Educating adolescent and parental love

 Loving parents, parental love and overprotection

Depends on my skirt and my father's wallet! Individual farmer in the family. Parenting a teenager and destroying overprotection loving parents. How to raise a teenager young man

One child in the family. The most beloved, the most expensive. All for rodnulki, everything if only son smiling and happy.

But son grew up, and excessive tutelage becomes smaller. For loving parents th   it is still the same small and inexperienced boy, whom where you need to decide where the razrulit ...

But he has long been its adult life, a girl and a desire to live in freedom. So, as you want it, not the parents.

Like and family life, and what draws the certainty is not far off, but the parents put a spoke in the wheel, and pull down the harm that was created over the years. Trying to break, his re sonny. Snap back to the skirt and return to the house of a favorite child.

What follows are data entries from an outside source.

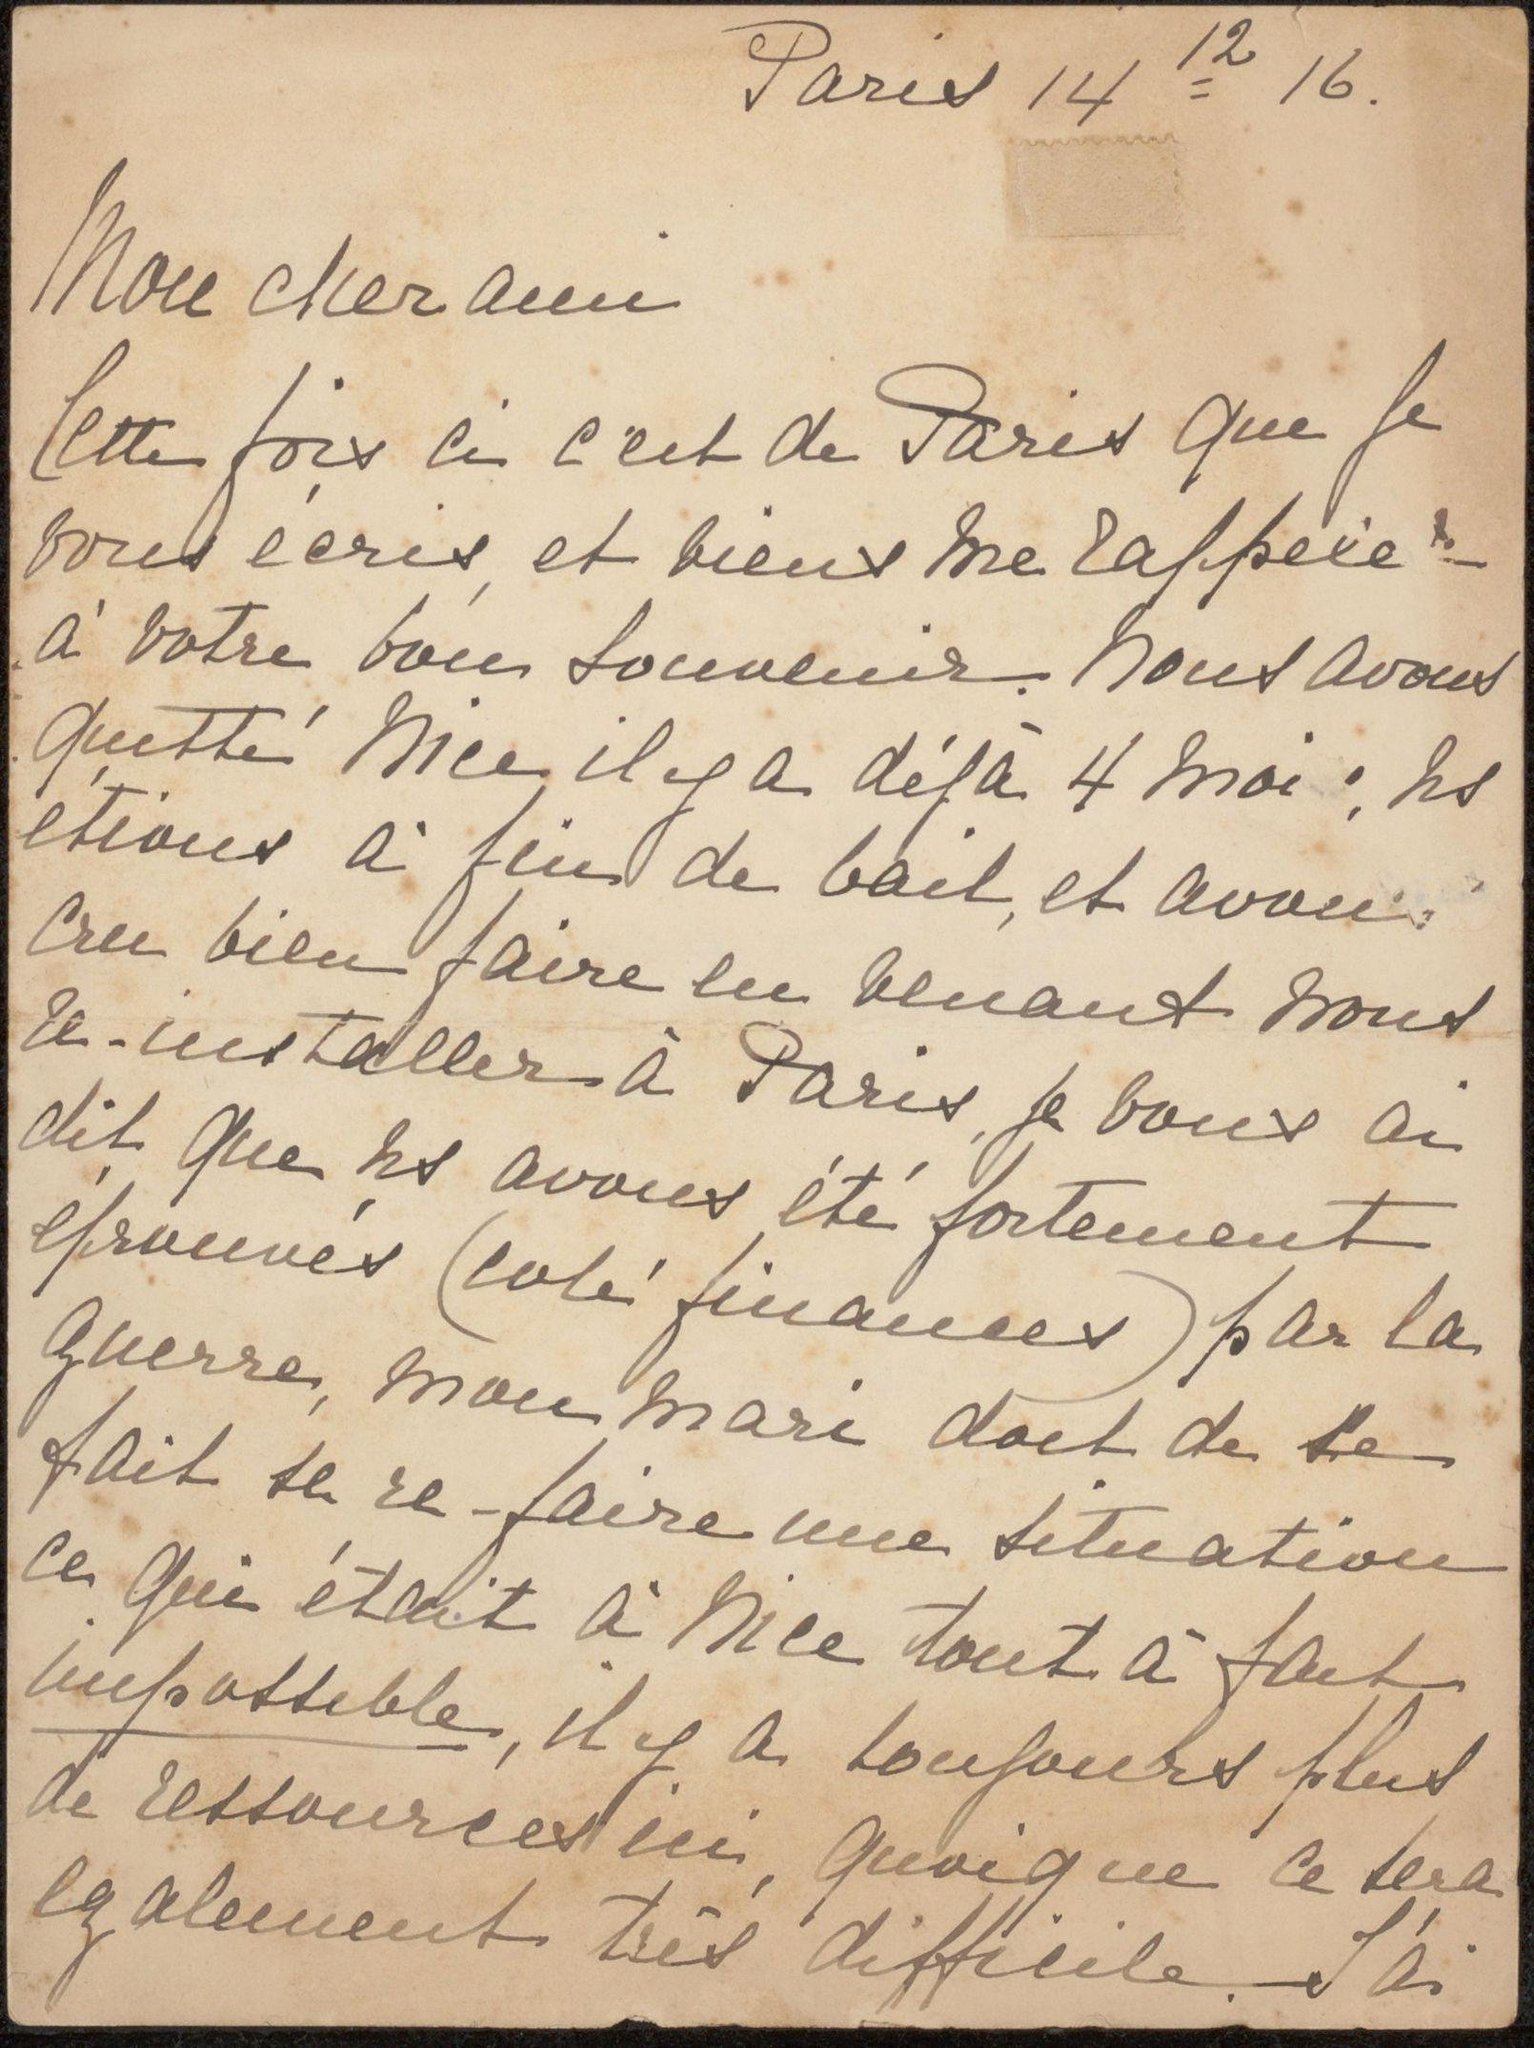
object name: letter
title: Brief aan Philip Zilcken
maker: cato l hôpital
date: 1916
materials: ink, paper
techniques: pen, writing
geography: paris
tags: the hague, painter, draughtsman, philip zilcken, painting (including book-illumination, miniature-painting), paris
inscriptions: collector's mark: ‘RPK’

And how to be in this situation?

Of course, loving parents do it all of the best intentions.

Try to protect the child up to the last and do not want to let him into the harsh world of independence.

How to solve the problem of excessive care?

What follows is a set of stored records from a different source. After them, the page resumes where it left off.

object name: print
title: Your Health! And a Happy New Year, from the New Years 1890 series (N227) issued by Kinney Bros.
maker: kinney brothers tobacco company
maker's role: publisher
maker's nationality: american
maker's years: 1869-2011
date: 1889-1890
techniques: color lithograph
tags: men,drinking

As lucidly explained by loving parents that the son grew up, and he has a personal life? The question is rather rhetorical. No definite answer to what it is not, and if not who did not reply to.

Can collect will in a fist, and take the first step in the direction? In an extreme case, parents will always return. Try to solve all the problems, to live, not survive, no one is dependent and stay on top. Do you want to live - learn to spin, as they say.

DIY their lives such as I would like you to live it. Let go of Mom's hand and my father's wallet. Start work, understand what it is to contain at least one yourself. Maybe then you'll understand why parents scold you for embezzlement and carelessness ...

Compromise and is always there! It is only necessary to choose the right way and start a new path. Yes, it will be difficult, it will be difficult to get used to the fact that the whole load will fall on your shoulders, but what to do, life is either afloat or go to the bottom.

Of course, do not argue, there is an intermediate state, neither fish nor fowl. But who will you be? This is not independence, to live separately on all the same money the parents, it is not a step forward, it is a pathetic attempt to prove to yourself that you can at least something, but you can not do ...

In your life, absolutely nothing has changed, you are still just in limbo and is completely dependent on his loving parents.

So where is the way out of the circle? To go, to take the risk and make the most of all. That is the right solution, which unfortunately, is not willing to accept one of the teens.

To educate teens vatakatov, consumers. We loved, cherished and received? Son, who can not even afford to pour tea yourself ...

Here it is destructive parental love and overprotection in the education of teenagers.

From the only child of hope and support in the future, an individual farmer grows, give him everything and not take anything in return. All owe him, and he does not have anyone. It is difficult to live in the future to such people, they are not adapted to life.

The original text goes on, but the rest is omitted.